Saving Caravaggio by Neil Griffiths
The first chapter sings out with the tones of a siren.
Griffiths voice, his eloquence, entices us in. He brushes aside our protestations.
We want to urge him to be more careful, we don’t want to be told, we want to be shown. But he communicates through a third-person, a character without literary aspirations, the voice of Daniel Wright. And Wright wouldn’t understand, or care. He is not a literary man . . .
There is so much that is good here. Italy unfolds before us in a few quick strokes. We turn the page, and then another page, and we know that this is not another one of those books that isn’t going to last the pace. We are going to read right through to the end.
Wright is a true obsessive. Someone who goes away ‘on a job’ for twelve weeks only a fortnight after getting married. And at the same time he is someone who can be forgotten by his new wife only hours after he’s left her side.
The characters unfold slowly. The writer is in no hurry to let us in on whatever is happening. At first there is little plot to carry us forward, just the slow dawning of who is who and what their relationships might be.
There is always a problem with fictional policemen, and this book is no exception. Can we really believe that this cultured, sensitive man is a cop? Can we believe his history, that he was forced into this work because the ‘real’ art world rejected him?
It is a lot to ask. But we agree to suspend our disbelief.

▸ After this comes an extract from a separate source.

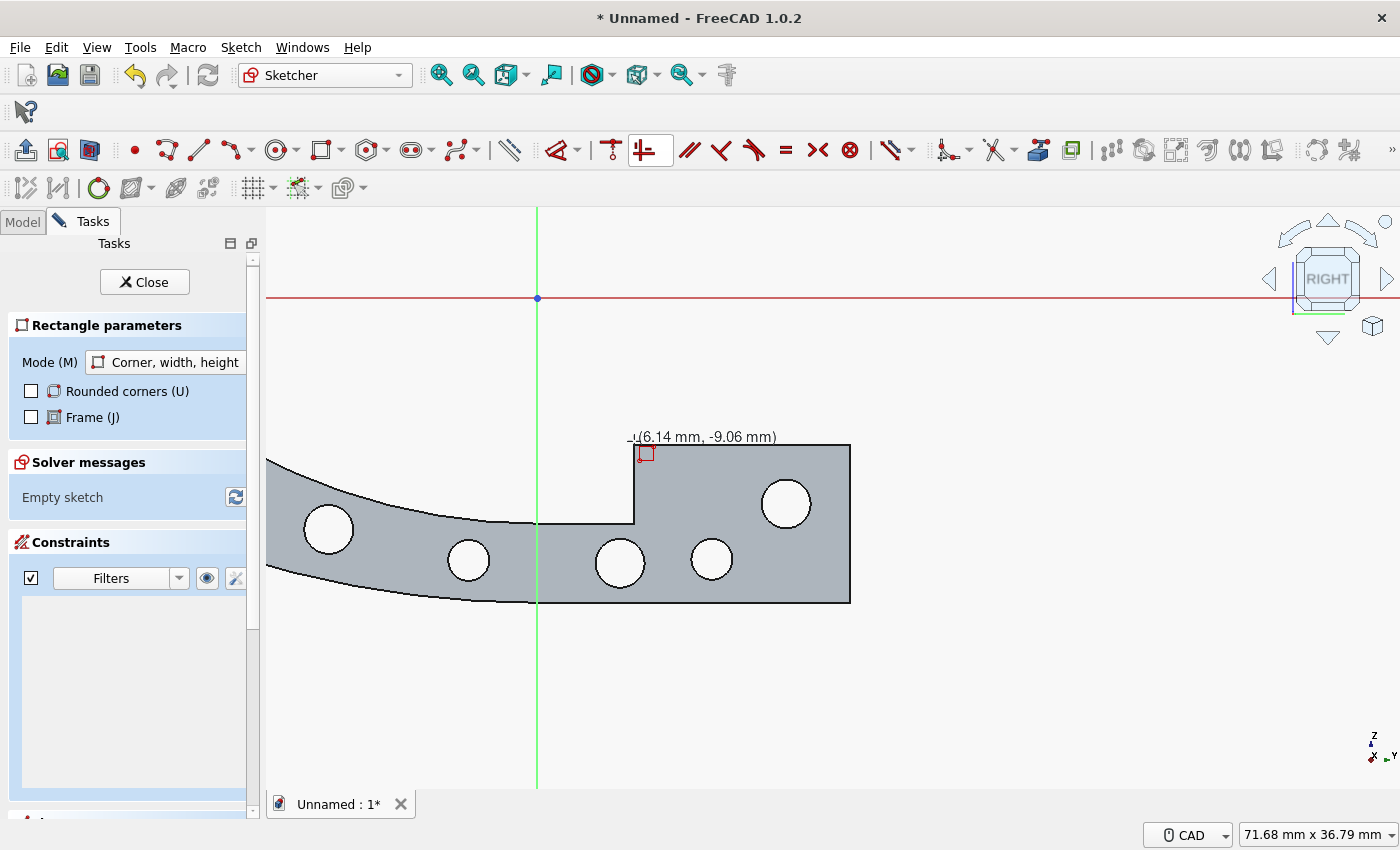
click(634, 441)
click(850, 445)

Daniel Wright, the narrator, finds himself in a private gallery in Florence where only four pictures are hanging, one on each wall:
I spin on my heels to take them in. It is a bold curatorial decision, hanging such strong paintings together. Each painting cannot be looked at for long without the viewer feeling the energy of another exerting itself, a beckoning presence. This not a ‘stop-and-look-at-the-pretty-pictures-room’. This room has a centrifugal force that keeps you here. Spinning from one painting to another. There are two tonalities in the room, bisecting it almost. The Cezanne and the El Greco, golden, shimmering, diffuse, yet somehow still sharply present, reach into the room like sunlight; the Rothko and the Velazquez, both recessively dark, shy almost, yet with equal presence, cross the room like moonlight. Each tonality has its beauty, its magnetism. If there is an idea behind this room, it seems to me to be saying art affects the world beyond its details, its emotions, its surface, beyond the intellect and even our emotions. It is saying art fundamentally alters our perception of the world – it has phenomenological sway.
Writing of this calibre deserves a wide audience. One hopes, for Neil Griffiths’ sake, that his potential readership is not confined within a single genre.

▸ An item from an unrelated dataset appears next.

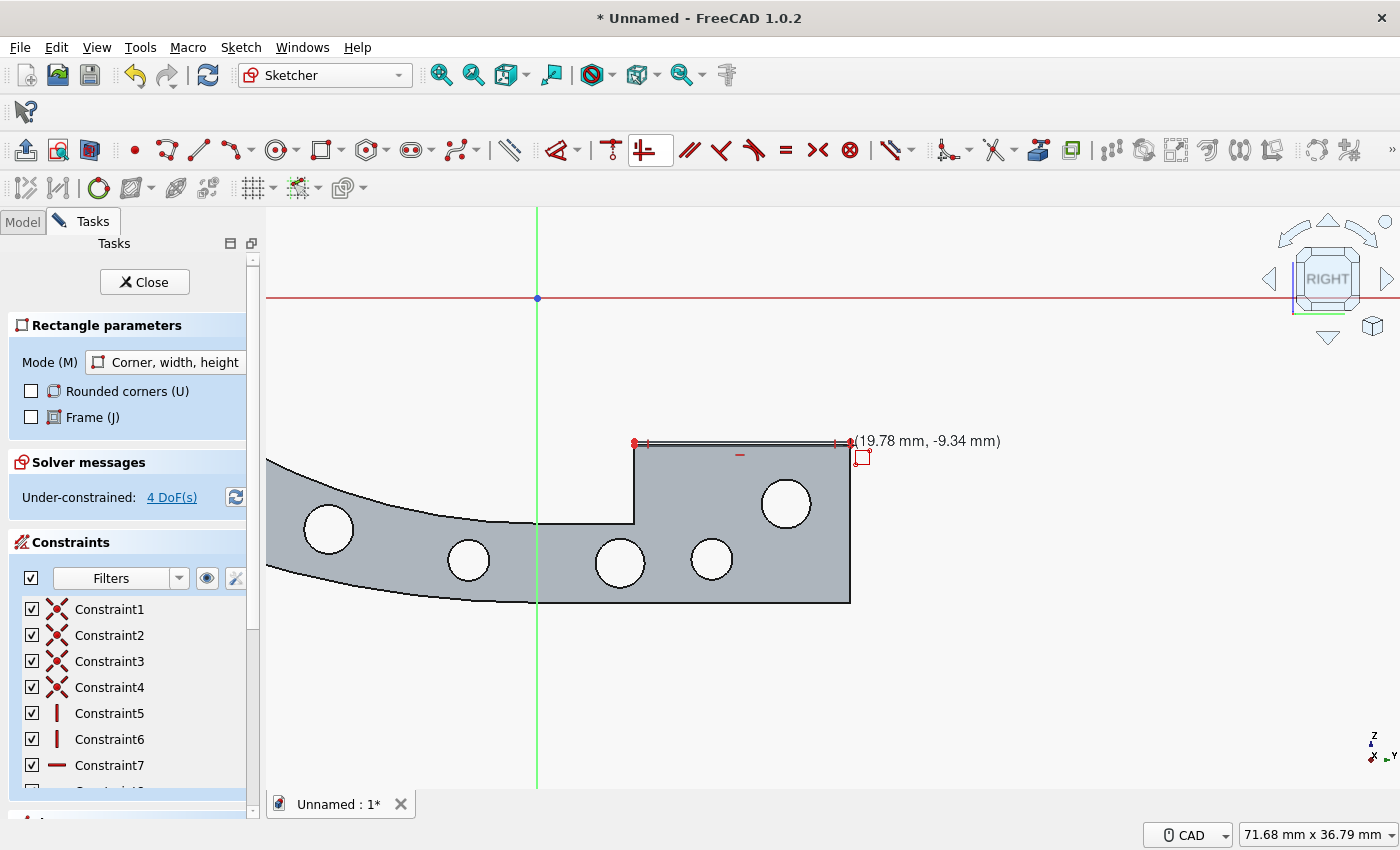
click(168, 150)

This is a writer with a feeling for landscape, character, plot and narrative, and with a sure and deft touch and understanding for language and its ability to move us. I was reminded of Graham Greene.
London, Florence, Naples. The wasted and forgotten landscape of Calabria.
In Neil Griffiths central character I have met a man at a crossroads, but at the same time a man convinced that he’s on an open motorway.